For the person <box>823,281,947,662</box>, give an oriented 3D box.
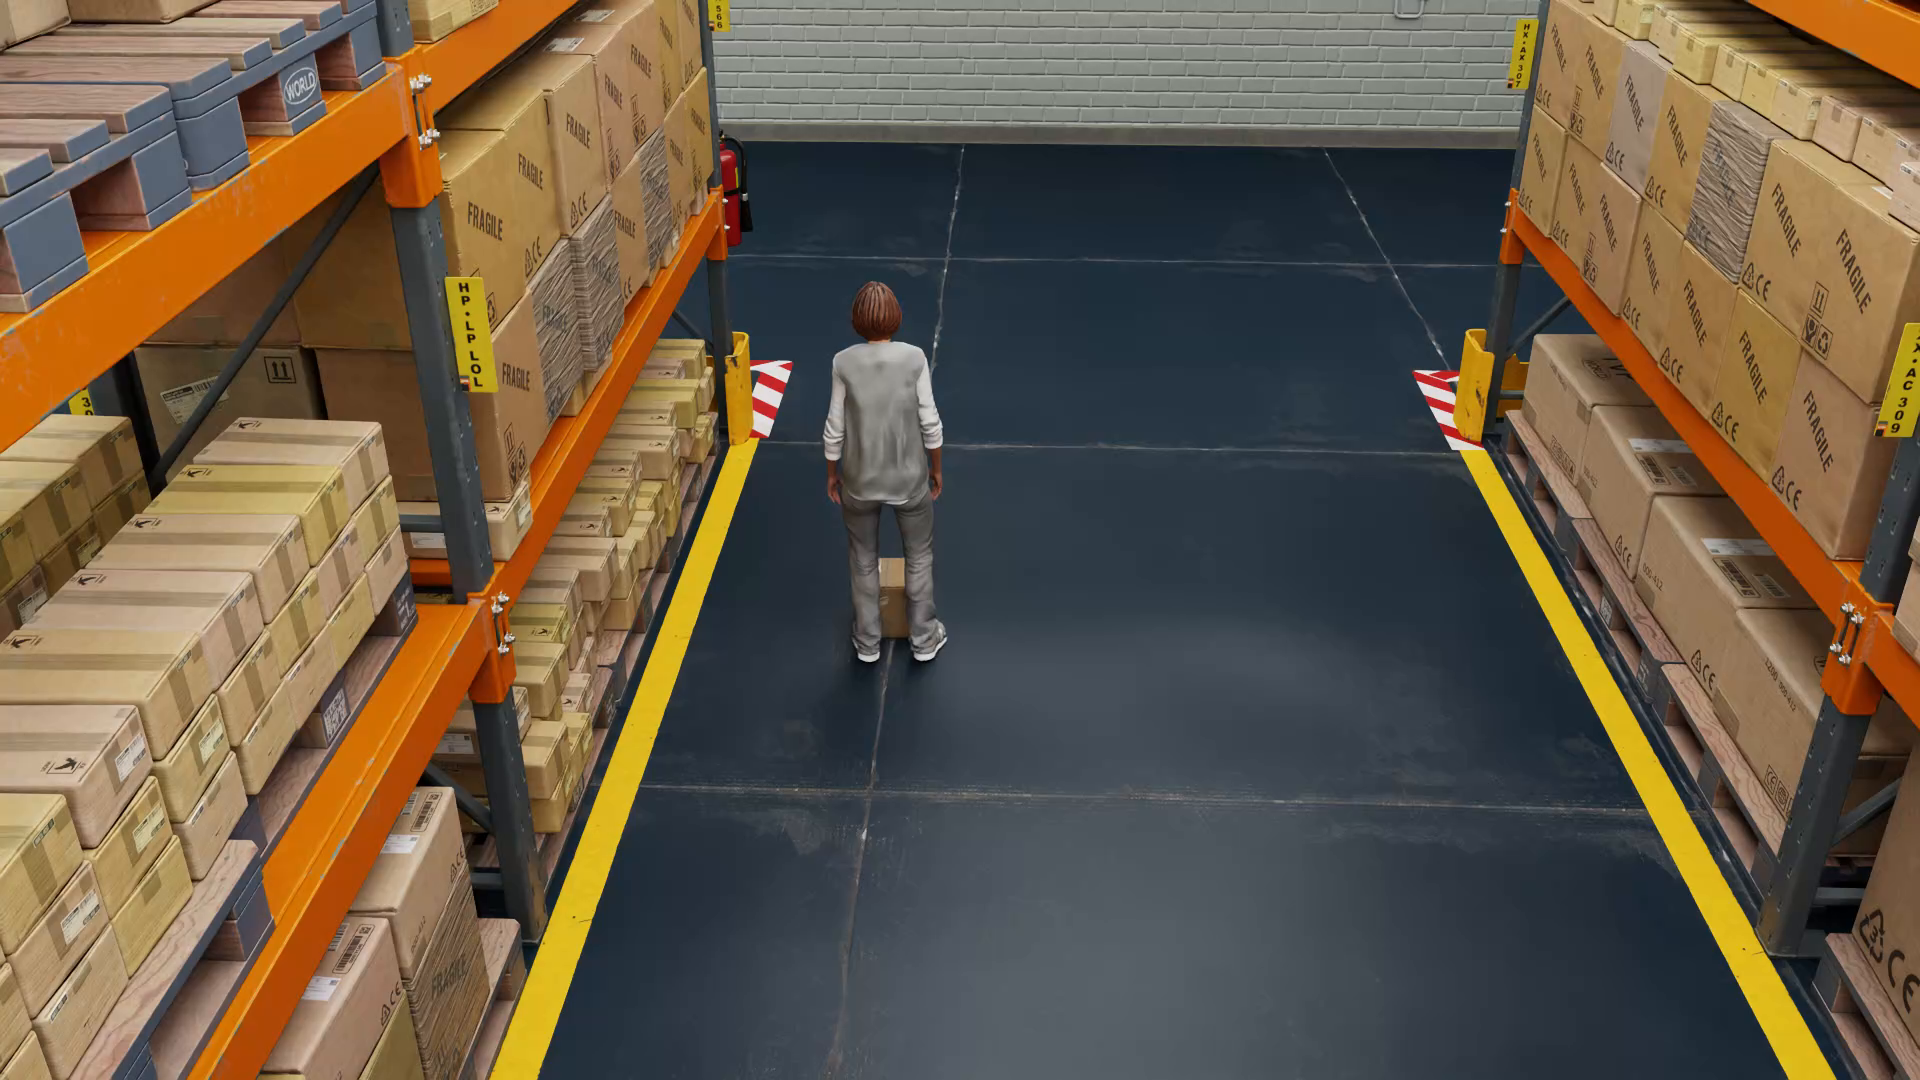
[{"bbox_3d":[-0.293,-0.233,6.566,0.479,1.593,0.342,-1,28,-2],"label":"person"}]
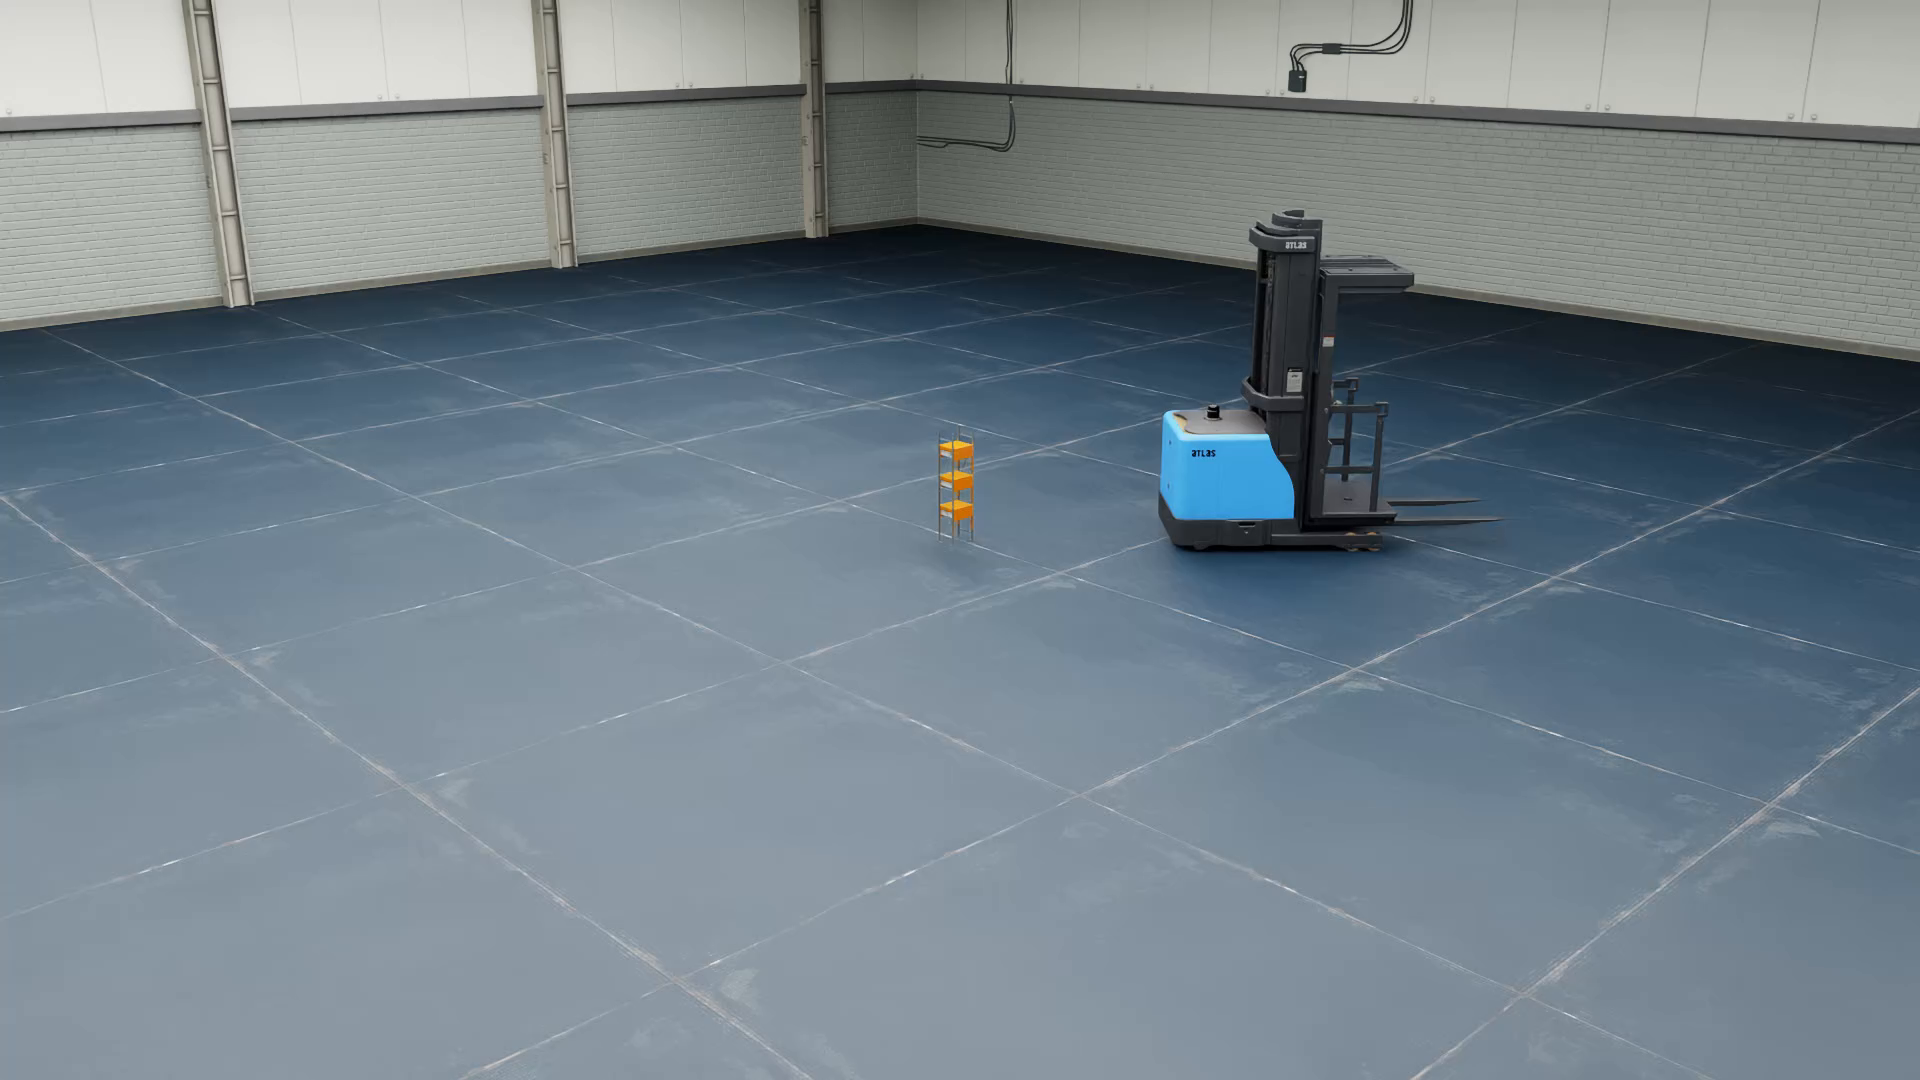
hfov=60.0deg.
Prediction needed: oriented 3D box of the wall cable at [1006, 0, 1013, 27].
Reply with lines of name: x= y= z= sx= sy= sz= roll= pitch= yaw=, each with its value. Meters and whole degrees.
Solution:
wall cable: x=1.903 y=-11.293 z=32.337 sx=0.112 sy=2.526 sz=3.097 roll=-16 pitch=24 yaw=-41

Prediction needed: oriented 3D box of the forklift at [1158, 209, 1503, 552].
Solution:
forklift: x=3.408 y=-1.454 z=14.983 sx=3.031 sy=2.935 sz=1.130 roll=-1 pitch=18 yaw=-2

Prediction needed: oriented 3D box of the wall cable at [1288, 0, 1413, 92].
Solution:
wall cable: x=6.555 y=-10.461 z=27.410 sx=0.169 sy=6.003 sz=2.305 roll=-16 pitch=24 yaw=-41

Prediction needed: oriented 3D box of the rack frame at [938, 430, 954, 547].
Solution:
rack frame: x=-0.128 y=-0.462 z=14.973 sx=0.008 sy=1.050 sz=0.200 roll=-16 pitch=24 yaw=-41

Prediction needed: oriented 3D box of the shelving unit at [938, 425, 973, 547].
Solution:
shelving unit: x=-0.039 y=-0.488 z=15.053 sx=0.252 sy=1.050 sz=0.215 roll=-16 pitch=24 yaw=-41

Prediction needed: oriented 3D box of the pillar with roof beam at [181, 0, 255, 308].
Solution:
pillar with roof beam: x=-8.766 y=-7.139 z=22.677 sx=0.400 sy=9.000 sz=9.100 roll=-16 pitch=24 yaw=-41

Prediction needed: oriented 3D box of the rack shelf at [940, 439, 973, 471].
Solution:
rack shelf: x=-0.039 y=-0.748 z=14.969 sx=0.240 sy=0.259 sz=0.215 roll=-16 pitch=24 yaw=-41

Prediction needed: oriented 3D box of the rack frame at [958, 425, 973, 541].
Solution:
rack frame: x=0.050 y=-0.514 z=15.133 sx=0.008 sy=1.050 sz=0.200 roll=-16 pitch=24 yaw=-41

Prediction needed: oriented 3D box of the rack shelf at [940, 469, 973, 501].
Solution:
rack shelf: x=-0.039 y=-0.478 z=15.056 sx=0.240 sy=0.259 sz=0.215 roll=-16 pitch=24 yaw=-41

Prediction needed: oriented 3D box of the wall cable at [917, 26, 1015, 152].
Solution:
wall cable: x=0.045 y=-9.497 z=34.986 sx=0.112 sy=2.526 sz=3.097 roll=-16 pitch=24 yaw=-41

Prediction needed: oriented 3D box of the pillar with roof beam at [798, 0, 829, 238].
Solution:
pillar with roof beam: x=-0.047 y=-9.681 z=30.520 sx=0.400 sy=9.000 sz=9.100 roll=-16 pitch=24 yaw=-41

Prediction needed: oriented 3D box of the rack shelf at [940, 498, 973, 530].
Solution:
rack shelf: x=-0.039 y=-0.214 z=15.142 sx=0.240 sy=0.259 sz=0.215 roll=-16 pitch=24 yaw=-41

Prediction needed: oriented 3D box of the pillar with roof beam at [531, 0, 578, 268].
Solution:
********************
**EXERCISE PROMPT**
Give back every record above exactly as written, skipping each picture.

**SOLUTION TO THIS PROBLEM**
For the person <box>823,281,947,662</box>, give an oriented 3D box.
[{"bbox_3d":[-0.293,-0.233,6.566,0.479,1.593,0.342,-1,28,-2],"label":"person"}]
hfov=60.0deg.
Prediction needed: oriented 3D box of the wall cable at [1006, 0, 1013, 27].
Reply with lines of name: x= y= z= sx= sy= sz= roll= pitch= yaw=, each with its value. Meters and whole degrees.
Solution:
wall cable: x=1.903 y=-11.293 z=32.337 sx=0.112 sy=2.526 sz=3.097 roll=-16 pitch=24 yaw=-41

Prediction needed: oriented 3D box of the forklift at [1158, 209, 1503, 552].
Solution:
forklift: x=3.408 y=-1.454 z=14.983 sx=3.031 sy=2.935 sz=1.130 roll=-1 pitch=18 yaw=-2

Prediction needed: oriented 3D box of the wall cable at [1288, 0, 1413, 92].
Solution:
wall cable: x=6.555 y=-10.461 z=27.410 sx=0.169 sy=6.003 sz=2.305 roll=-16 pitch=24 yaw=-41

Prediction needed: oriented 3D box of the rack frame at [938, 430, 954, 547].
Solution:
rack frame: x=-0.128 y=-0.462 z=14.973 sx=0.008 sy=1.050 sz=0.200 roll=-16 pitch=24 yaw=-41

Prediction needed: oriented 3D box of the shelving unit at [938, 425, 973, 547].
Solution:
shelving unit: x=-0.039 y=-0.488 z=15.053 sx=0.252 sy=1.050 sz=0.215 roll=-16 pitch=24 yaw=-41

Prediction needed: oriented 3D box of the pillar with roof beam at [181, 0, 255, 308].
Solution:
pillar with roof beam: x=-8.766 y=-7.139 z=22.677 sx=0.400 sy=9.000 sz=9.100 roll=-16 pitch=24 yaw=-41

Prediction needed: oriented 3D box of the rack shelf at [940, 439, 973, 471].
Solution:
rack shelf: x=-0.039 y=-0.748 z=14.969 sx=0.240 sy=0.259 sz=0.215 roll=-16 pitch=24 yaw=-41

Prediction needed: oriented 3D box of the rack frame at [958, 425, 973, 541].
Solution:
rack frame: x=0.050 y=-0.514 z=15.133 sx=0.008 sy=1.050 sz=0.200 roll=-16 pitch=24 yaw=-41

Prediction needed: oriented 3D box of the rack shelf at [940, 469, 973, 501].
Solution:
rack shelf: x=-0.039 y=-0.478 z=15.056 sx=0.240 sy=0.259 sz=0.215 roll=-16 pitch=24 yaw=-41

Prediction needed: oriented 3D box of the wall cable at [917, 26, 1015, 152].
Solution:
wall cable: x=0.045 y=-9.497 z=34.986 sx=0.112 sy=2.526 sz=3.097 roll=-16 pitch=24 yaw=-41

Prediction needed: oriented 3D box of the pillar with roof beam at [798, 0, 829, 238].
Solution:
pillar with roof beam: x=-0.047 y=-9.681 z=30.520 sx=0.400 sy=9.000 sz=9.100 roll=-16 pitch=24 yaw=-41

Prediction needed: oriented 3D box of the rack shelf at [940, 498, 973, 530].
Solution:
rack shelf: x=-0.039 y=-0.214 z=15.142 sx=0.240 sy=0.259 sz=0.215 roll=-16 pitch=24 yaw=-41

Prediction needed: oriented 3D box of the pillar with roof beam at [531, 0, 578, 268].
Solution:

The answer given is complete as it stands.